Looking at the data, count the lines where the word "oriented" occurs and answer with only the number.

Dataset records

#####

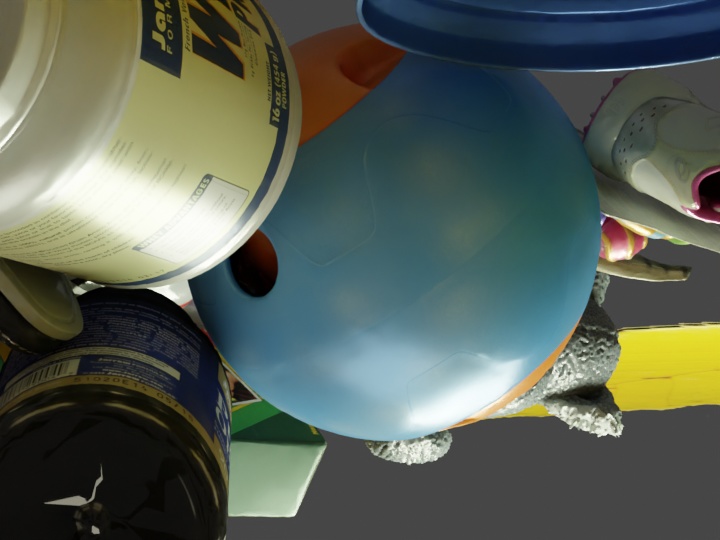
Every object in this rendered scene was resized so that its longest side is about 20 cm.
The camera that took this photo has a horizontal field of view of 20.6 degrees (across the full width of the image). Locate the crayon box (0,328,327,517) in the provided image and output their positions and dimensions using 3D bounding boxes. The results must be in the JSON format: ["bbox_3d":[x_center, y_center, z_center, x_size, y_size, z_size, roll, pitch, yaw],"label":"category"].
[{"bbox_3d":[-0.141,0.057,1.112,0.172,0.058,0.200,7,-153,-35],"label":"crayon box"}]

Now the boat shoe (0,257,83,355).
[{"bbox_3d":[-0.199,-0.024,0.873,0.060,0.200,0.074,-47,158,5],"label":"boat shoe"}]

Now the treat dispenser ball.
[{"bbox_3d":[0.015,-0.019,0.948,0.200,0.201,0.201,0,171,0],"label":"treat dispenser ball"}]

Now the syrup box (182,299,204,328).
[{"bbox_3d":[0.000,0.000,1.089,0.199,0.082,0.079,8,169,5],"label":"syrup box"}]

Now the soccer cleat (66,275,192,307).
[{"bbox_3d":[-0.157,-0.017,0.978,0.200,0.069,0.085,6,130,-38],"label":"soccer cleat"}]

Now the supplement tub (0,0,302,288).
[{"bbox_3d":[-0.126,-0.075,0.774,0.145,0.145,0.200,-4,170,23],"label":"supplement tub"}]

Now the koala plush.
[{"bbox_3d":[0.122,0.055,1.520,0.200,0.178,0.184,11,156,-34],"label":"koala plush"}]

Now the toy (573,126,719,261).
[{"bbox_3d":[0.138,-0.038,1.120,0.115,0.047,0.200,45,-159,31],"label":"toy"}]

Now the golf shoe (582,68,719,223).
[{"bbox_3d":[0.208,-0.050,1.075,0.200,0.075,0.092,7,-154,-42],"label":"golf shoe"}]

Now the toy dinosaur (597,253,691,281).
[{"bbox_3d":[0.091,-0.012,1.161,0.200,0.088,0.047,27,165,0],"label":"toy dinosaur"}]

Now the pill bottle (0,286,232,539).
[{"bbox_3d":[-0.113,0.075,0.890,0.112,0.112,0.200,0,-163,-3],"label":"pill bottle"}]

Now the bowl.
[{"bbox_3d":[0.096,-0.125,0.805,0.200,0.039,0.201,-1,170,0],"label":"bowl"}]
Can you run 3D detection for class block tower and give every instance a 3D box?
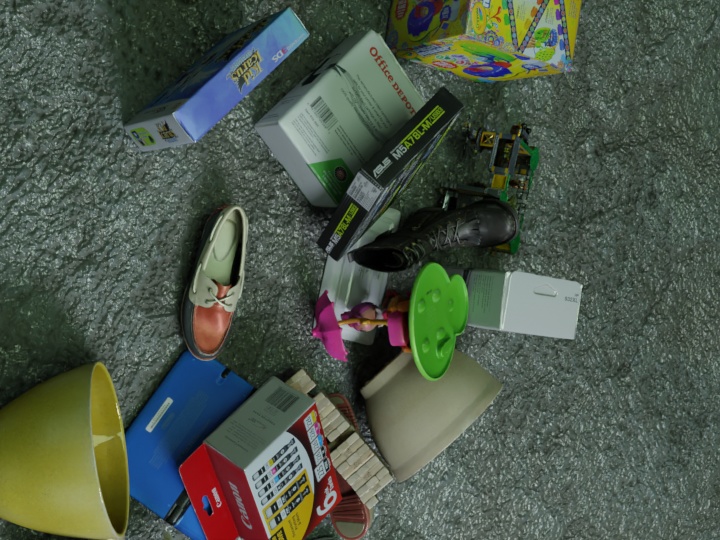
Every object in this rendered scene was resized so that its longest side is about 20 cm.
[{"bbox_3d":[-0.033,0.225,1.367,0.058,0.054,0.201,-39,87,-2],"label":"block tower"}]

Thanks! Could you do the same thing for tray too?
[{"bbox_3d":[0.000,0.000,1.443,0.106,0.022,0.203,15,85,-33],"label":"tray"}]

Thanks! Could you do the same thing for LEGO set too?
[{"bbox_3d":[0.183,-0.126,1.520,0.153,0.115,0.203,8,93,-61],"label":"LEGO set"}]

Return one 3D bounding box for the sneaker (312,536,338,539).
[{"bbox_3d":[-0.092,0.415,1.375,0.198,0.082,0.076,-14,100,-31],"label":"sneaker"}]

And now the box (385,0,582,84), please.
[{"bbox_3d":[0.171,-0.354,1.423,0.190,0.199,0.124,10,88,-31],"label":"box"}]

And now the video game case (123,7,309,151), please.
[{"bbox_3d":[-0.178,-0.229,1.223,0.200,0.180,0.046,-47,115,-21],"label":"video game case"}]

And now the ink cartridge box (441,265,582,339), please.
[{"bbox_3d":[0.199,0.044,1.464,0.143,0.199,0.085,9,88,-32],"label":"ink cartridge box"}]

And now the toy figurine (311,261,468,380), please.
[{"bbox_3d":[0.029,0.061,1.358,0.200,0.182,0.152,-30,115,-60],"label":"toy figurine"}]

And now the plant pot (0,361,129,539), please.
[{"bbox_3d":[-0.354,0.216,1.154,0.140,0.200,0.203,-9,99,-5],"label":"plant pot"}]

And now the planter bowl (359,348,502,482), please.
[{"bbox_3d":[0.083,0.179,1.424,0.200,0.200,0.135,-40,85,-23],"label":"planter bowl"}]

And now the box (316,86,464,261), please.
[{"bbox_3d":[0.037,-0.125,1.341,0.047,0.200,0.194,39,58,2],"label":"box"}]

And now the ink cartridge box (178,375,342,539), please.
[{"bbox_3d":[-0.123,0.273,1.294,0.175,0.083,0.202,-42,138,-30],"label":"ink cartridge box"}]

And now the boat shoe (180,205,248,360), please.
[{"bbox_3d":[-0.182,0.015,1.295,0.070,0.062,0.203,14,81,-25],"label":"boat shoe"}]

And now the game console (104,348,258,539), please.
[{"bbox_3d":[-0.211,0.234,1.328,0.170,0.118,0.201,34,73,3],"label":"game console"}]

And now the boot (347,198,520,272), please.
[{"bbox_3d":[0.102,-0.038,1.381,0.174,0.198,0.070,-31,112,-50],"label":"boot"}]

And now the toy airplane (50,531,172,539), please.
[{"bbox_3d":[-0.301,0.373,1.204,0.199,0.198,0.143,23,53,-40],"label":"toy airplane"}]

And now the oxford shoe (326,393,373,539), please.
[{"bbox_3d":[-0.022,0.275,1.433,0.075,0.069,0.203,5,78,-74],"label":"oxford shoe"}]

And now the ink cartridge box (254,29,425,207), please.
[{"bbox_3d":[-0.023,-0.207,1.378,0.200,0.083,0.147,-46,114,-20],"label":"ink cartridge box"}]
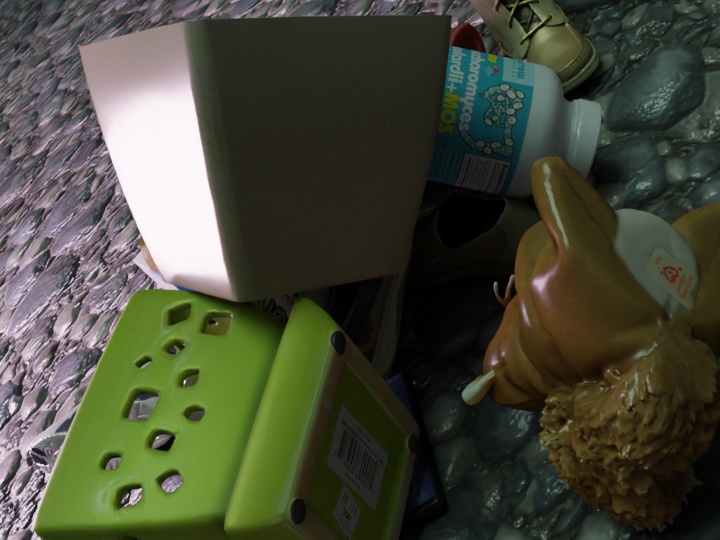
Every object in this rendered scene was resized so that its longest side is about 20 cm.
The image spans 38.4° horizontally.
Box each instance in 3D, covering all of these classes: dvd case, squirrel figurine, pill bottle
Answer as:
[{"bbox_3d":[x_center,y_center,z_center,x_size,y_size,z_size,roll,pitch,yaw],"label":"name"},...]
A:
[{"bbox_3d":[-0.030,0.181,0.825,0.199,0.018,0.143,-33,35,14],"label":"dvd case"},{"bbox_3d":[0.139,0.061,0.648,0.187,0.140,0.201,130,140,-52],"label":"squirrel figurine"},{"bbox_3d":[0.092,-0.124,0.852,0.198,0.111,0.111,11,48,-1],"label":"pill bottle"}]

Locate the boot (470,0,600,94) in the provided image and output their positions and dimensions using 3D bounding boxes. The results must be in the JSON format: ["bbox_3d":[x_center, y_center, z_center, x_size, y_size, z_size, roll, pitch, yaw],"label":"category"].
[{"bbox_3d":[0.148,-0.264,1.005,0.073,0.156,0.200,-35,34,11],"label":"boot"}]

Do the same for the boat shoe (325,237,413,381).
[{"bbox_3d":[0.000,0.000,0.889,0.072,0.064,0.202,-16,65,60],"label":"boat shoe"}]

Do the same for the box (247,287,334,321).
[{"bbox_3d":[-0.069,0.013,0.885,0.035,0.200,0.111,-8,46,37],"label":"box"}]

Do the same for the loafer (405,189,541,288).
[{"bbox_3d":[0.079,-0.034,0.903,0.199,0.067,0.076,-7,47,42],"label":"loafer"}]

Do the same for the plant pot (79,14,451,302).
[{"bbox_3d":[-0.065,-0.080,0.735,0.199,0.179,0.199,-9,11,-33],"label":"plant pot"}]

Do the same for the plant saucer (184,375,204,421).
[{"bbox_3d":[-0.111,0.066,0.957,0.200,0.050,0.201,-155,90,-89],"label":"plant saucer"}]

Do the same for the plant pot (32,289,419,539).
[{"bbox_3d":[-0.074,0.138,0.729,0.180,0.200,0.200,-7,49,30],"label":"plant pot"}]

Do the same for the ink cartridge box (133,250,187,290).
[{"bbox_3d":[-0.152,-0.057,1.172,0.200,0.068,0.116,-52,34,-12],"label":"ink cartridge box"}]

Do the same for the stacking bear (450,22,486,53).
[{"bbox_3d":[0.030,-0.141,1.005,0.199,0.122,0.114,-15,20,35],"label":"stacking bear"}]

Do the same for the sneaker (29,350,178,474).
[{"bbox_3d":[-0.245,0.135,1.057,0.199,0.079,0.130,-34,21,34],"label":"sneaker"}]

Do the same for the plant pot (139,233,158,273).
[{"bbox_3d":[-0.192,-0.095,1.092,0.200,0.027,0.201,-54,25,39],"label":"plant pot"}]
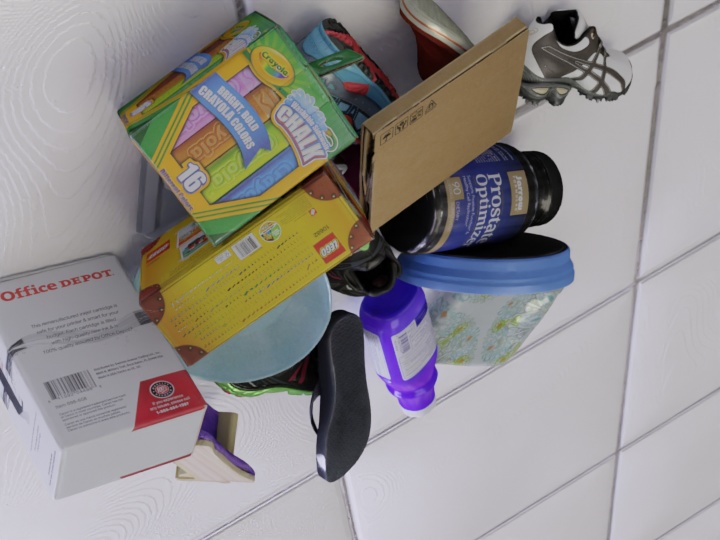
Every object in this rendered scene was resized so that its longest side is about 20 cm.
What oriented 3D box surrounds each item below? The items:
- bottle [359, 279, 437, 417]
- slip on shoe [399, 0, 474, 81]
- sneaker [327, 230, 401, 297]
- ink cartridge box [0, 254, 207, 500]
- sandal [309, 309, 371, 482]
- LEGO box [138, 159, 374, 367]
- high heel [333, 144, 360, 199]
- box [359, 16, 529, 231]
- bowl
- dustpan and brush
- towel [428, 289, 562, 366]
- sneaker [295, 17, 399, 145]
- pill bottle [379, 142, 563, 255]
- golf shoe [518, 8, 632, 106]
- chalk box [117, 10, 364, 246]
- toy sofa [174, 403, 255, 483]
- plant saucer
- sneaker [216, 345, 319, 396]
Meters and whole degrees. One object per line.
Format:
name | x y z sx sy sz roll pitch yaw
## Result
bottle | 0.053 0.097 1.733 0.084 0.065 0.200 -48 143 -27
slip on shoe | 0.083 -0.208 1.419 0.061 0.074 0.200 -39 152 8
sneaker | 0.000 0.000 1.559 0.077 0.084 0.200 -37 165 -3
ink cartridge box | -0.255 0.094 1.342 0.144 0.200 0.084 -15 145 -32
sandal | -0.026 0.137 1.612 0.076 0.043 0.201 -15 113 -46
LEGO box | -0.098 -0.023 1.296 0.200 0.149 0.077 -34 110 5
high heel | -0.058 -0.084 1.457 0.096 0.067 0.200 40 82 -22
box | 0.079 -0.138 1.401 0.200 0.021 0.164 -37 155 -22
bowl | 0.139 -0.013 1.613 0.200 0.200 0.039 -8 105 -38
dustpan and brush | -0.109 -0.089 1.384 0.200 0.057 0.140 -18 143 -28
towel | 0.161 0.053 1.834 0.200 0.048 0.171 8 125 -48
sneaker | -0.018 -0.161 1.388 0.095 0.079 0.200 -32 141 12
pill bottle | 0.121 -0.082 1.570 0.200 0.112 0.112 -9 137 -37
golf shoe | 0.235 -0.230 1.531 0.200 0.078 0.095 -15 129 -47
chalk box | -0.090 -0.139 1.244 0.200 0.125 0.124 -38 110 -3
toy sofa | -0.177 0.169 1.556 0.097 0.083 0.200 0 160 13
plant saucer | -0.129 0.025 1.438 0.200 0.039 0.201 -3 126 -4
sneaker | -0.073 0.091 1.614 0.200 0.077 0.084 -8 140 -40
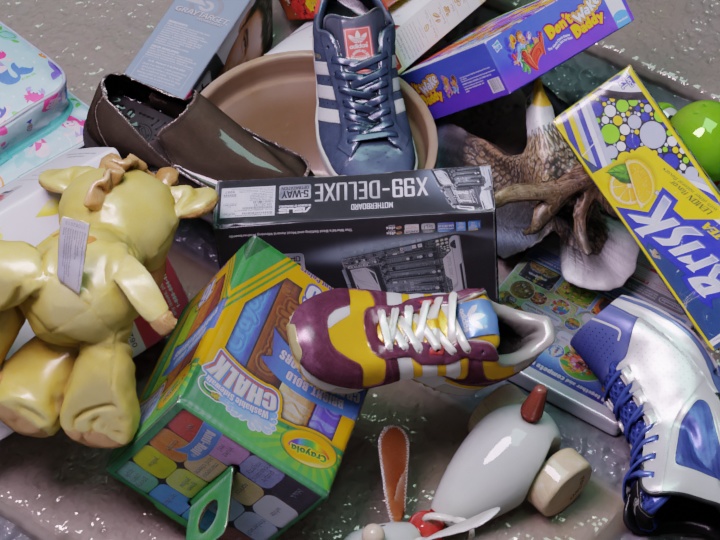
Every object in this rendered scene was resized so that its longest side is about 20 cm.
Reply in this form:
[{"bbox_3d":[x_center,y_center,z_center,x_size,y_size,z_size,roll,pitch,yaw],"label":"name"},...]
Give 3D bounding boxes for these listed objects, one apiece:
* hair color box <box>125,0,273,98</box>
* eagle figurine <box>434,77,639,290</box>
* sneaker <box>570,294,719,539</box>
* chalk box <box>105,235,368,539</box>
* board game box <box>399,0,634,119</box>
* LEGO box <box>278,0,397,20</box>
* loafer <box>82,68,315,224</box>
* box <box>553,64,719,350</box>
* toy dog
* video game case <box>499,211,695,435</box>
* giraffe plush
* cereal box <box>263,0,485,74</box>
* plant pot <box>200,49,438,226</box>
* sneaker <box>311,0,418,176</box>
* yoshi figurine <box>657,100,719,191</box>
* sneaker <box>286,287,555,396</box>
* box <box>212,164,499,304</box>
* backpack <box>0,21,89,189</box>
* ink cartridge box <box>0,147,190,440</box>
[{"bbox_3d":[-0.136,-0.158,1.661,0.060,0.099,0.201,17,50,13],"label":"hair color box"},{"bbox_3d":[0.140,-0.079,1.588,0.151,0.200,0.152,22,89,-19],"label":"eagle figurine"},{"bbox_3d":[0.213,0.117,1.432,0.115,0.081,0.199,-36,71,-28],"label":"sneaker"},{"bbox_3d":[-0.083,0.104,1.388,0.124,0.125,0.201,35,48,-13],"label":"chalk box"},{"bbox_3d":[0.108,-0.172,1.632,0.134,0.200,0.045,-31,98,-26],"label":"board game box"},{"bbox_3d":[0.030,-0.296,1.725,0.200,0.077,0.149,-37,23,-23],"label":"LEGO box"},{"bbox_3d":[-0.121,-0.090,1.499,0.199,0.072,0.073,20,53,16],"label":"loafer"},{"bbox_3d":[0.222,-0.044,1.451,0.070,0.064,0.201,-35,85,9],"label":"box"},{"bbox_3d":[0.076,0.143,1.404,0.131,0.097,0.200,24,52,18],"label":"toy dog"},{"bbox_3d":[0.184,0.026,1.566,0.143,0.018,0.200,28,53,20],"label":"video game case"},{"bbox_3d":[-0.183,-0.004,1.366,0.172,0.200,0.162,31,38,-4],"label":"giraffe plush"},{"bbox_3d":[0.032,-0.221,1.719,0.143,0.040,0.200,2,36,48],"label":"cereal box"},{"bbox_3d":[-0.040,-0.071,1.591,0.199,0.093,0.202,0,49,0],"label":"plant pot"},{"bbox_3d":[-0.001,-0.145,1.535,0.074,0.085,0.201,-8,56,-10],"label":"sneaker"},{"bbox_3d":[0.284,-0.050,1.517,0.200,0.112,0.112,47,30,1],"label":"yoshi figurine"},{"bbox_3d":[0.042,0.040,1.372,0.199,0.090,0.075,3,68,-44],"label":"sneaker"},{"bbox_3d":[0.000,0.000,1.475,0.199,0.158,0.050,-3,47,2],"label":"box"},{"bbox_3d":[-0.318,-0.111,1.589,0.177,0.151,0.200,-34,53,-27],"label":"backpack"},{"bbox_3d":[-0.241,0.020,1.460,0.199,0.146,0.083,-32,18,-26],"label":"ink cartridge box"}]
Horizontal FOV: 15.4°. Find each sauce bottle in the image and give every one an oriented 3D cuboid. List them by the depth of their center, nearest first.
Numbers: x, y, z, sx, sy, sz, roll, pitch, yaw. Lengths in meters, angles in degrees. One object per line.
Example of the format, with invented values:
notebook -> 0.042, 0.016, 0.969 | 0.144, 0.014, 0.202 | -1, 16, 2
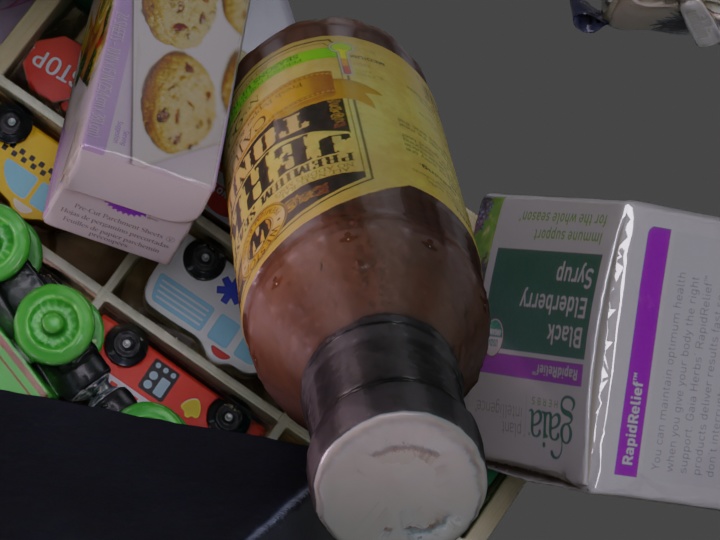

#####

→ Exercise answer:
2